One of her friends, Madeleine Wayne Diehl, gave this personal tribute: "She bore the responsibility for human frailties in others. In her own determined and dedicated little body and dauntless spirit she was as strong as anyone I have known, and, in a way, solitary, as great souls often are...ever giving, and forgiving, ever blessing, ever blessed. Oh the dearness of her. Yes, I feel bereft, but I will try to incorporate, in the remaining time of my life, some of the steadfast faith and unswerving loyalty to her high code. Remarkable, oh yes, and also immeasurably lovable. I thank God she counted me as one of her friends."

==Notes==
(1) As a consequence of the Boxer Rebellion of 1900, China had to pay reparations to eight countries. In 1908, the U.S. used its share for scholarships for Chinese students and for the construction of Tsinghua University in Beijing. The Tsinghua Special Scholarship was also a recipient.

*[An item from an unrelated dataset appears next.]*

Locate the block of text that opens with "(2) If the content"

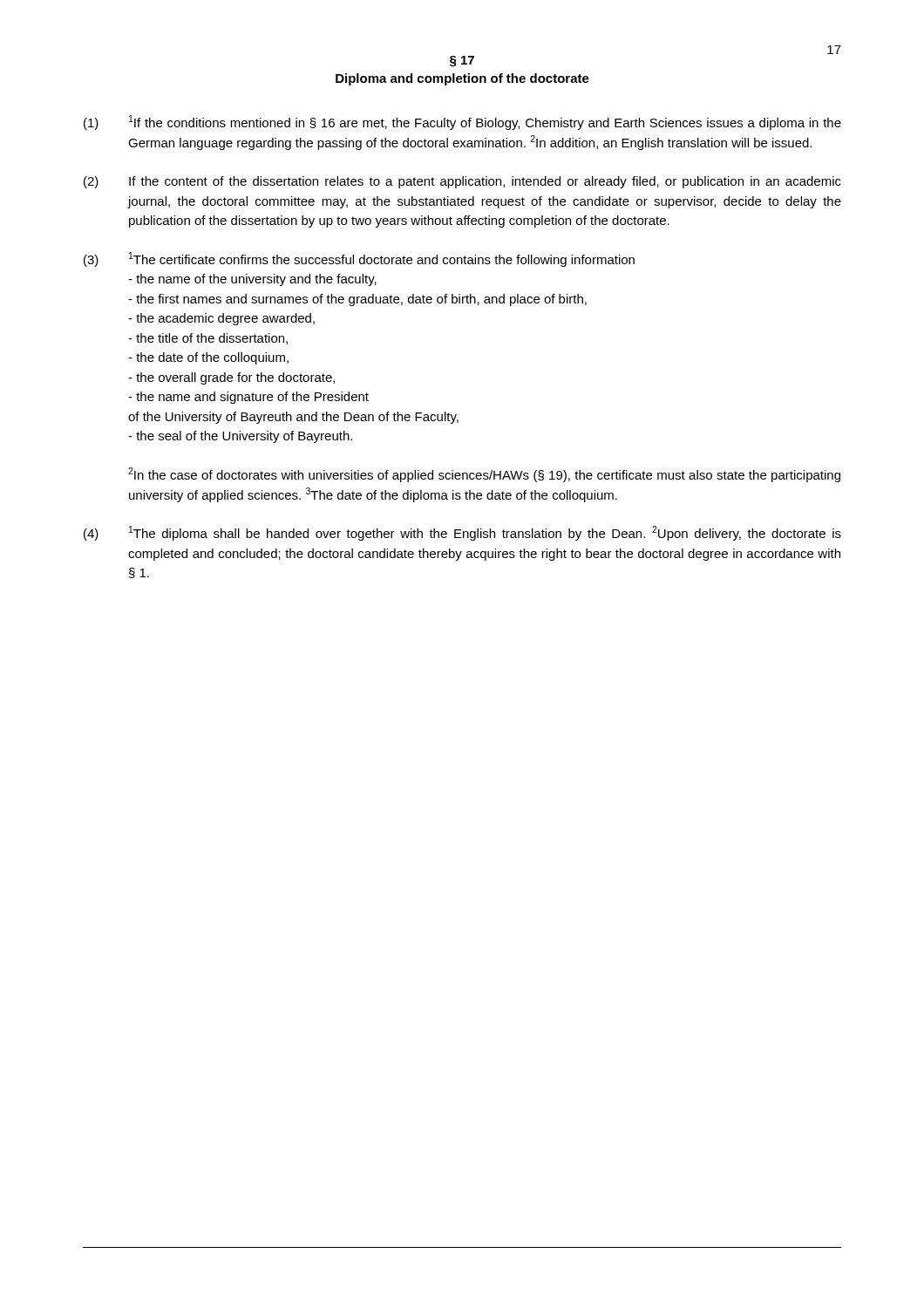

(2) Levi L. Barbour of Detroit, an alumnus and former regent of the University of Michigan, founded the Barbour Scholarship in 1917. While traveling in Asia, he recognized the need there for liberal and scientific education for women, particularly in medicine. He was inspired by the careers of three women physicians who were University alumnae, Drs. Ida Kahn and Mary Stone of China and Tomo Inouye of Japan. His purposes were ultimately achieved, as evidenced by the remarkable careers of subsequent Barbour scholars, including Dr. Ting.